Mit dieser Information kamen ein paar aus der Blair-Mannschaft am selben Abend ins Londoner "Global Cafe" zu einem Polit-Event, dessen Timing gut paßte. Hier wurde, im Kreise von Aktivisten, Sympathisanten und Denkfabrikanten der Blairschen Reformlinken, ein neuer Think-tank namens Policy Network ins Leben gerufen, dessen Spezialität die Präsenz im Internet sein wird - zwecks Aufbau eines Kommunikationsnetzes für alle, die reformpolitisch guten Willens und - mehr oder minder unverzagt - auf dem "Dritten Weg" weiterhin unterwegs sind (auch wenn dieses Unternehmen so kaum noch jemand nennt). Meinungen, Analysen und Informationen sollen in diesem Netz in der zeitgerechten neuen Geschwindigkeit ausgetauscht werden, auf dass die "progressiven Regierungen" und ihre Helfer in Europa ihre starke Stellung wenigstens in der alten Welt halten können und entsprechend ausgerüstet in die beiden wichtigen europäischen Wahljahre 2001 und 2002 gehen.

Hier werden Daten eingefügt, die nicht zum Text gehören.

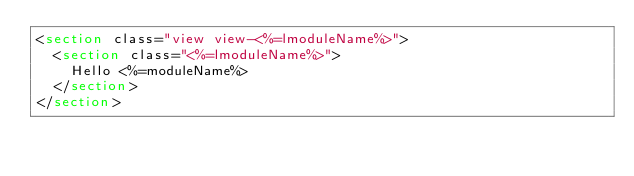<code> <loc_0><loc_0><loc_500><loc_500><_HTML_><section class="view view-<%=lmoduleName%>">
  <section class="<%=lmoduleName%>">
    Hello <%=moduleName%>
  </section>
</section>
</code> 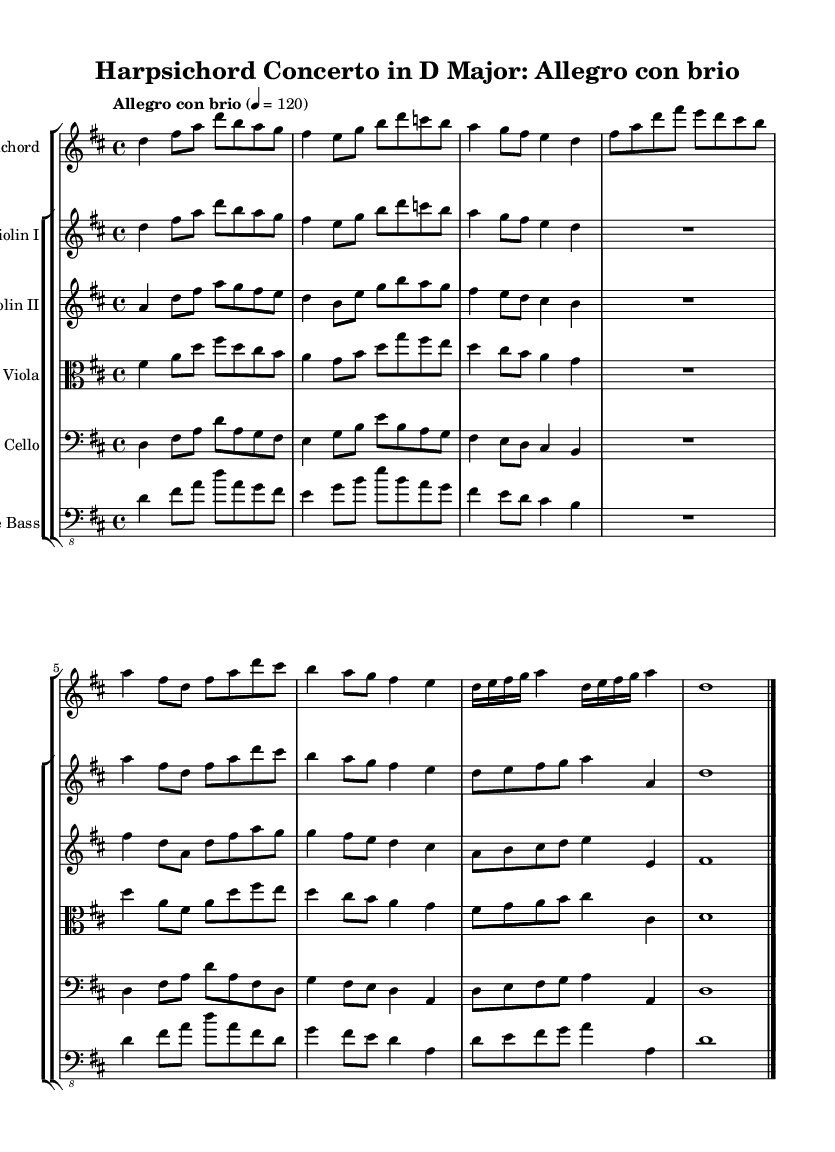What is the key signature of this music? The key signature is D major, which has two sharps (F# and C#).
Answer: D major What is the time signature of this music? The time signature is 4/4, indicating four beats per measure.
Answer: 4/4 What is the tempo marking for this piece? The tempo marking indicates "Allegro con brio," which suggests a lively and vigorous pace.
Answer: Allegro con brio How many measures are in the harpsichord part? By counting the measures in the harpsichord line, there are eight measures.
Answer: Eight What instruments are included in this concerto? The concerto includes harpsichord, two violins, viola, cello, and double bass.
Answer: Harpsichord, two violins, viola, cello, double bass What is the main theme's initial note in the harpsichord part? The initial note of the harpsichord part is D, which serves as the starting point of the main theme.
Answer: D What distinguishes the concertos of the Baroque period from later styles? Baroque concertos often feature contrast between solo instruments and orchestral accompaniment, as well as intricate counterpoint.
Answer: Contrast and counterpoint

Policy Network, so seine beiden jungen Gründer Fréderic Michél und Andrew Hood, wollen vor allem ein modernes Instrument für den Klub der bisher 15 "progessive governments" sein, die sich in Berlin im Juni 2001 zum ersten mal zu einer Gipfelkonferenz getroffen haben (die nächste Konferenz steigt im September 2001 in Stockholm).

Ein solcher Ausbau des politischen Instrumentariums sei jetzt, nach dem Ausfall Amerikas als Partner der Progressiven - und möglicher Partner der europäischen Rechten -, "notwendiger denn je", sagte die Abgesandte Blairs, Großbritanniens e-commerce-Ministerin Patricia Hewitt. Sie war in den Neunzigerjahren an der Neuorientierung der Labour Party aktiv beteiligt und hatte all die Jahre intensiv mit Bill Clintons New Democrats zusammen gearbeitet hatte ("wir haben viel von einander gelernt"). Im "Global Cafe" machte sie aus ihrer Bitterkeit kein Hehl. "Gore ist die Präsidentschaft gestohlen worden", sagte Patricia Hewitt. Womit sie nicht zuletzt die Stimmung widergab, die im Milieu der Clintons herrscht.

Policy Network ist politisch unabhängig, inhaltlich und personell aber eng mit den Think-tanks von New Labour verknüpft. Die Organisation, ein kleiner Apparat von 7 Mitarbeitern, will mit zwei Web-Sites arbeiten: eine soll öffentlich für Infos und Debatten zu unterschiedlichen Reformthemen zur Verfügung stehen. Sozialstaatsfragen werden dabei ein Schwerpunkt sein. Hier sollen auch Grundsatztexte veröffentlicht werden, wie beispielsweise der von Gerhard Schröders Redenschreiber, Reinhard Hesse, der zur Internet-Premiere einen Beitrag zur deutschen Sozailstaatsreform lieferte, mit deutlich kritischen Tönen gegenüber den Gewerkschaften. Das solche Artikel mit Streitthemen des Lagers Links von der Mitte die Regel sein werden, glaubt Fréderic Michél allerdings nicht: "Nicht alle Regierungschefs geben ihren Autoren soviel Freiheit." Der Franzose, der in England lebt und mit geholfen hat, den "Dritten Weg" auch für Frankreichs Sozialisten einigermaßen begehbar zu machen, kennt seine Pappenheimer; zu beiden Seiten des Ärmelkanals.

Die zweite Web-Site bleibt den Insidern und Politikmachern vorbehalten. Policy-Network will dem Gedankenaustausch auf dieser Ebene die Sicherheitsstufe des internationalen on-line-Banking zusichern. Doch das ist vielleicht gar nicht das Problem. Eher könnten die gutwilligen Vernetzer auf die Tatsache stoßen, dass nicht jeder Staatsekretär oder Stabschef ein IT-Experte und kundiger Netsurfer ist. Da haben auch "progressive Regierungen" ihre Grenzen.

Daher wird es alsbald auch eine gedruckte Debattenzeitschrift geben. Die Modernisierer sollen da ihre ganz traditionelle off-line-Heimstatt finden.